You should do the #MakeBetter challenge with us! I’m already feeling better.
I’m trying to keep up with yuo two with those. It sounds like I need a few more changes.
I think specifically for conventions I think harder about what I wear, because sometimes that can be an introduction piece. It can get someone to talk to you if they love your necklace, or your brand new pumps. I actually found two items I want to get for Vegas. I have a weird post coming soon, but I find I’m dressing up more pregnant than when I wasn’t and I just felt fat. Now I feel beautiful and sexy and want my clothes to represent that as well.
I know when I met you all I saw was your smile and your energy and I knew I had met someone pretty amazing.
Aaah.. and the love of Zelda that bound us together
New clothes always make me feel good, but I think feeling good in the inside lasts longer!
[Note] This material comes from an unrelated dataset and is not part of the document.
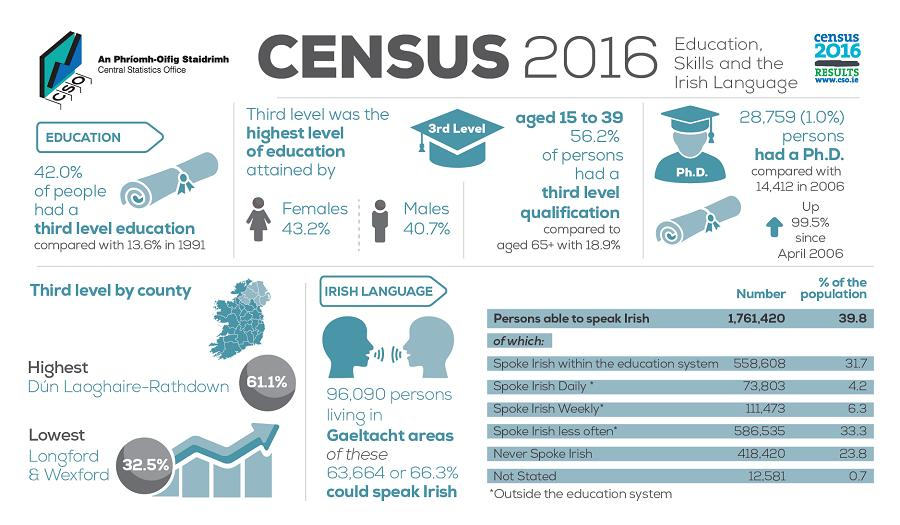List a handful of essential elements in this visual. According to the given data, 43.2% of the population is female. According to the provided data, 40.7% of the males in the population fall within the age range of 20-29.

Definitely for me my confidence comes from inside not the clothes I wear. However, I’m usually shopping in advance for clothing and then end of wearing what I already have when I go to a conference. Go figure!
Ok, honestly? I have always thought you were super confident. You are beautiful inside and out, you know how to dress and wear makeup well. So this post surprised me… but I guess we all have confidence issues don’t we? We all question ourselves, do we look good? is this skirt my color? is my makeup good? is my lipstick smudged? how’s my hair? do I have something in my teeth? How do I walk up to a company and say I can represent you? I think confidence is something we have to work on internally, not on our clothes. Of course the clothes, accessories and makeup help still it is in our mind and hearts. We should feel confident because when we think it we send that message. Although when I feel most vulnerable is when I use that to push my confidence up.
I guess I fake it till I make it.
Here comes the truth. For the first time in my life, in more recent months, I have been really insecure about my clothing choices.
I was always so confident in the past. Perhaps it’s because I’m going to these blogging functions and seeing how others are dressed, and just feel my wardrobe never fits in anymore, and I just don’t have the “money” to make the wardrobe work. I’m really struggling with it.
I’m nervous about Vegas in a few weeks, no, I’m not going to go out and buy new clothes, as much as I’d like to, but I will be going through my closet and deciphering the perfect gear for that weekend. And I’m dreading the idea of what to wear for tomorrow already ;0
LA will do that to a girl. I’m a SoCal girl forever and I still get that when I head west.
Clothes help us to feel a bit more comfortable, i think. Which then leads to us feeling more confident! Great, thought provoking post! Hope you enjoy the SITS boot camp! I hear it was wonderful in Dallas!
-Simone
PS visiting you from SoCal Lady Bloggers!
I’m so with you on wanting new clothes for new occasions! I’ve been shopping for BBCLV too! Are you coming up with anything good? I always struggle with the cost of clothes. I know I should spend the money for quality clothing…but I can’t bring myself to do it! I’m always at the sale racks.
See you soon in LV! Cheers to shopping.